Neither most haemodynamic parameters nor indirect body water content indices change in healthy women in different phases of the menstrual cycle. Although LVET significantly changes over the menstrual cycle, mainly between the LFP and MLP, the magnitude of the difference is subtle and somewhat of no clinical meaning. The difference in LVET medians between these two phases is 5.12 ms, which is 1.63% of the median LVET during LFP.

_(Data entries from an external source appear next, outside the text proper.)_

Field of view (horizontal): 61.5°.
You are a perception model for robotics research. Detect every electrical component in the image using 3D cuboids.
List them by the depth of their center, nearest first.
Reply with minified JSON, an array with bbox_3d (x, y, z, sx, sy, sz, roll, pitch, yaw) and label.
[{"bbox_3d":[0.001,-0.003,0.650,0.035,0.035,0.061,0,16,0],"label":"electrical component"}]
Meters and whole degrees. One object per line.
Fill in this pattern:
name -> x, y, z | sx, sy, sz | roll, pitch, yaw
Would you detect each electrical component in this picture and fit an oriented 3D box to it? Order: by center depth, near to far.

Sex hormones influence many cells, tissues, organs, and systems. The cardiovascular system is an example. Effects of sex hormones vary depending on their concentrations, which fluctuate during normal menstrual cycles and pregnancy. A gradual rise in sex steroids in pregnancy correlates with increases in CI and SI and decreases in SVRI and blood pressure [14,15,27,28].

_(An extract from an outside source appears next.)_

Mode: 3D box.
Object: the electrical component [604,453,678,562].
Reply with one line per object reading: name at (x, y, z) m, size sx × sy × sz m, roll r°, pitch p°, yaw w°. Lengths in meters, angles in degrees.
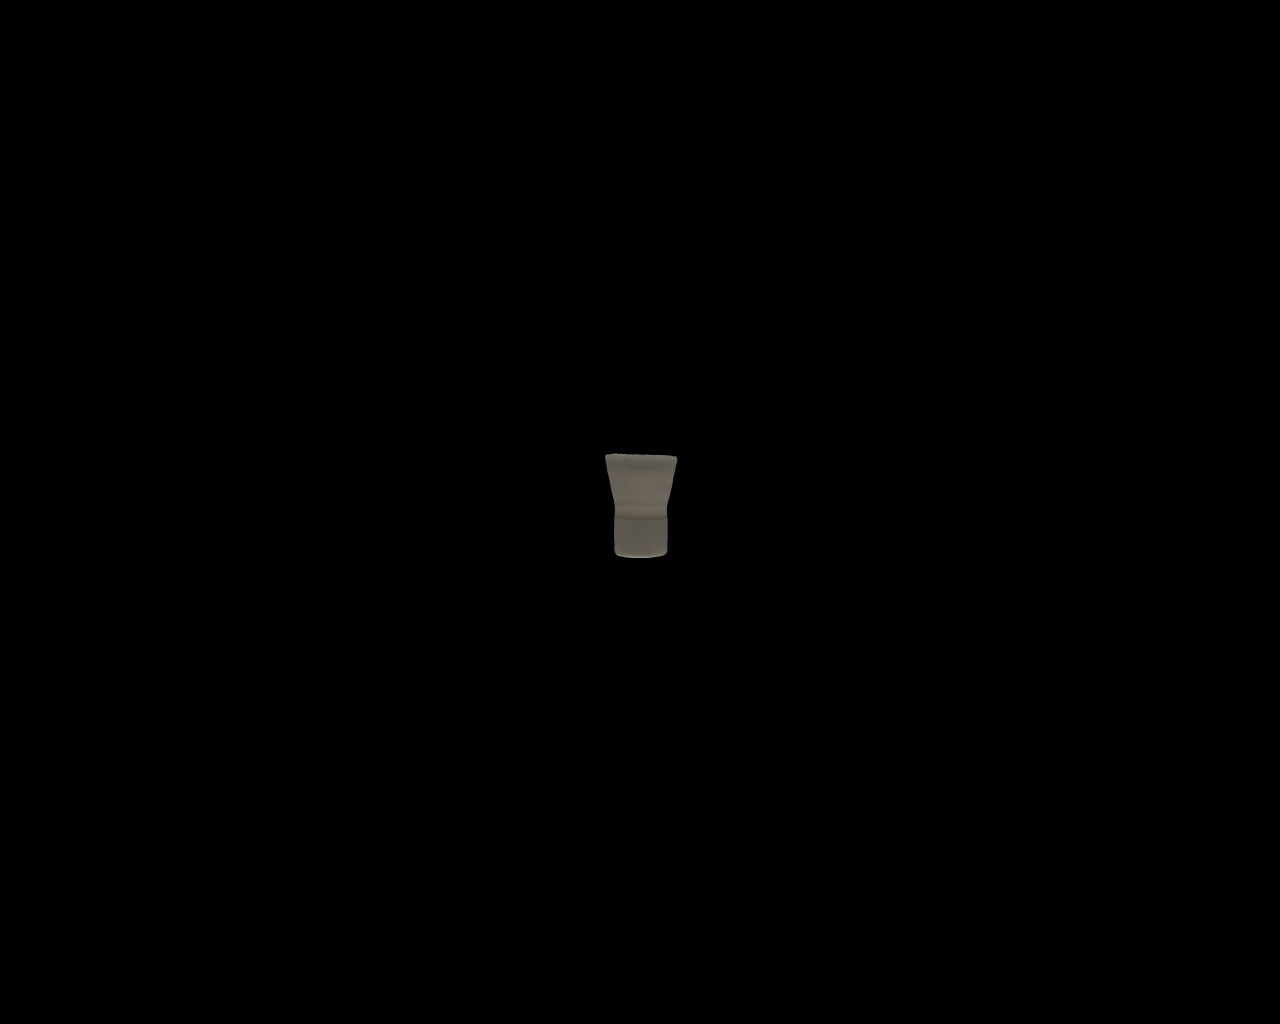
electrical component at (0.001, -0.003, 0.650) m, size 0.044 × 0.065 × 0.044 m, roll 0°, pitch 4°, yaw 0°

In healthy non-pregnant women, changes in estrogen and progesterone concentrations during the whole menstrual cycle are relatively small compared to pregnancy [14,28]. Chapman et al. found that cardiac output was higher in the mid-luteal compared with the mid-follicular phase and explained their findings by an increased plasma renin activity and aldosterone concentration [29]. Aldosterone expands the intravascular fluid and might be the first hemodynamic adaptation to a potential pregnancy. However, Chapman et al. studied only 16 women who had indirectly confirmed ovulation by identifying the LH surge in urine—the method is less sensitive and precise for ovulation identification than ultrasonography. In contrast, we visualised the growing follicle and corpus luteum by ultrasound and measured the progesterone concentration in the blood [20]. So far, no other study has demonstrated similar hemodynamic changes during the menstrual cycle as Chapman et al. In another study, Gordon et al. analysed the cardiovascular response by cardiac impedance to mental stress during the menstrual cycle in 57 young, healthy women [30]. They found no significant differences in SI and CI in different phases of the menstrual cycle at rest.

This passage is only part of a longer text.